# Your goal
In the data below, find the line containing "Answer: 0 which", then set down that line and every later line up to and including the line containing "Answer: 1970s what", exactly.

[Data excerpts]
--------------------

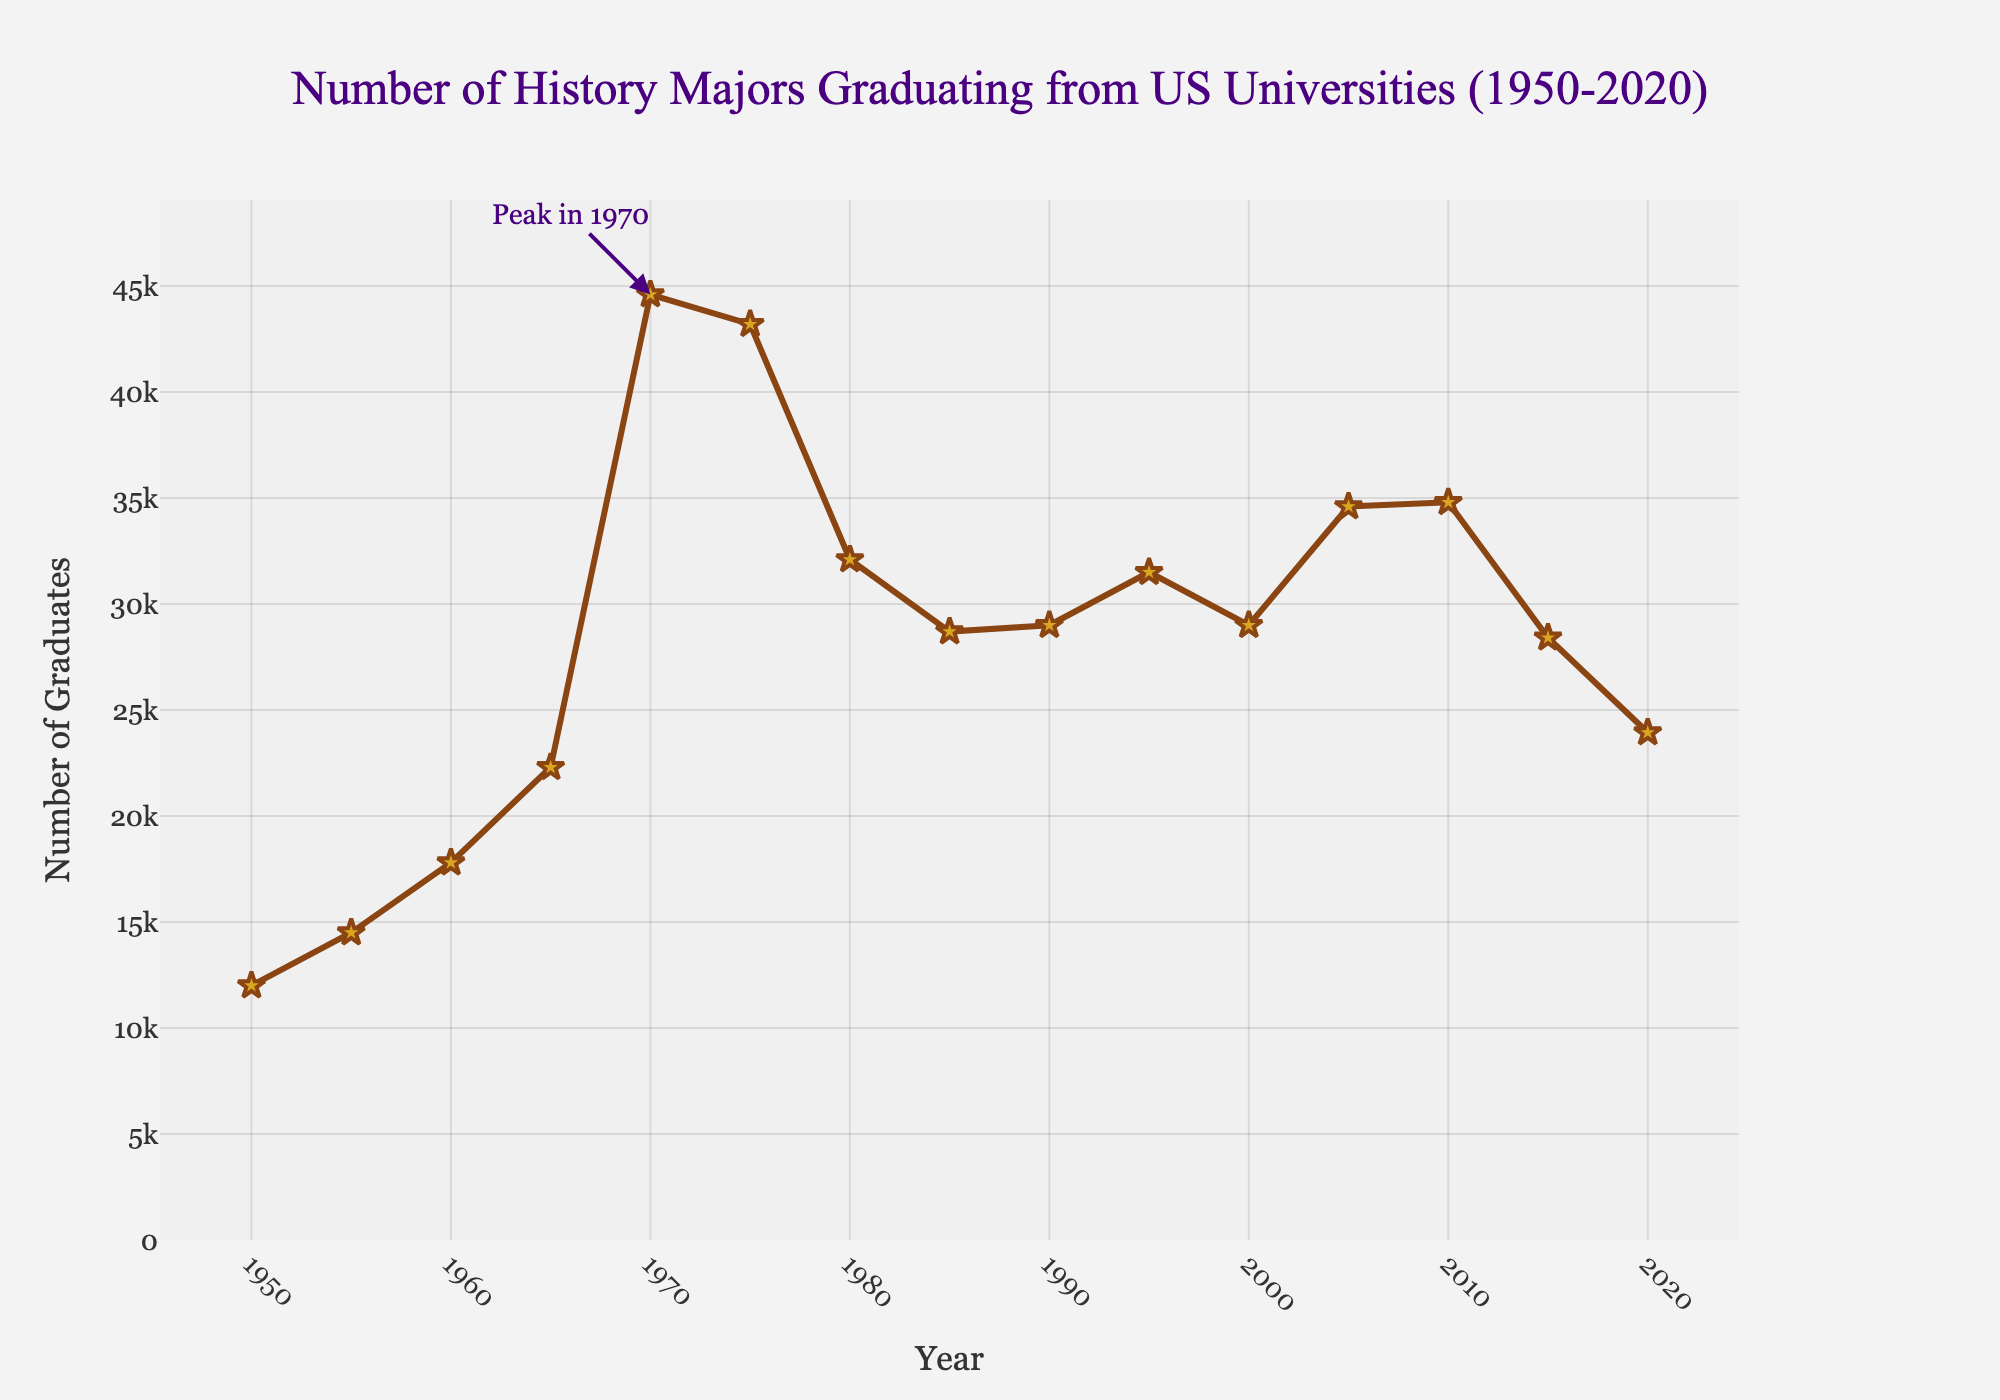what is the highest number of history majors graduating in a single year? The highest number is indicated by the peak value on the chart. This peak is annotated with "Peak in 1970" at 44600 graduates.
Answer: 44600 what is the difference in the number of history majors graduating between 1970 and 2020? Subtract the number of graduates in 2020 from the number of graduates in 1970. 44600 (1970) - 23940 (2020) = 20660.
Answer: 20660 how many years had fewer than 20000 history majors graduating? Count the number of years where the graph line is below the 20000 mark. No years in the dataset have fewer than 20000 graduates.
Answer: 0 which year saw a greater number of history majors graduating, 1980 or 2000? Compare the data points for 1980 (32100) and 2000 (29000). 32100 is greater than 29000.
Answer: 1980 in which year did the number of history majors graduating first exceed 30000? Find the first year in the dataset where the number of graduates is above 30000. This occurs first in 1970 with 44600 graduates.
Answer: 1970 what was the average number of history majors graduating per year during 1950s (1950-1959)? Calculate the sum of graduates during the years 1950, 1955, and average them. (12000 + 14500) / 2 = 26500 / 2 = 13250.
Answer: 13250 what is the trend in the number of history majors graduating from 1960 to 2015? Observe the graph from 1960 (17800) to 2015 (28410). There is an overall increase until 1970, a decline by 1980, slight fluctuation, and another decrease after 2010.
Answer: fluctuating decline did the number of history majors graduating increase or decrease between 1975 and 1980? Compare the numbers in 1975 (43200) and 1980 (32100). The number decreased from 43200 to 32100.
Answer: decrease which decade saw the most significant reduction in the number of history majors graduating? Compare the reductions across decades. The most significant drop is between 1970 (44600) and 1980 (32100) in the 1970s.
Answer: 1970s what visual feature marks the year with the peak number of graduates? The peak year 1970 is marked with an annotation "Peak in 1970".
Answer: annotation

--------------------

# Response to the exercise
Answer: 0 which year saw a greater number of history majors graduating, 1980 or 2000? Compare the data points for 1980 (32100) and 2000 (29000). 32100 is greater than 29000.
Answer: 1980 in which year did the number of history majors graduating first exceed 30000? Find the first year in the dataset where the number of graduates is above 30000. This occurs first in 1970 with 44600 graduates.
Answer: 1970 what was the average number of history majors graduating per year during 1950s (1950-1959)? Calculate the sum of graduates during the years 1950, 1955, and average them. (12000 + 14500) / 2 = 26500 / 2 = 13250.
Answer: 13250 what is the trend in the number of history majors graduating from 1960 to 2015? Observe the graph from 1960 (17800) to 2015 (28410). There is an overall increase until 1970, a decline by 1980, slight fluctuation, and another decrease after 2010.
Answer: fluctuating decline did the number of history majors graduating increase or decrease between 1975 and 1980? Compare the numbers in 1975 (43200) and 1980 (32100). The number decreased from 43200 to 32100.
Answer: decrease which decade saw the most significant reduction in the number of history majors graduating? Compare the reductions across decades. The most significant drop is between 1970 (44600) and 1980 (32100) in the 1970s.
Answer: 1970s what visual feature marks the year with the peak number of graduates? The peak year 1970 is marked with an annotation "Peak in 1970".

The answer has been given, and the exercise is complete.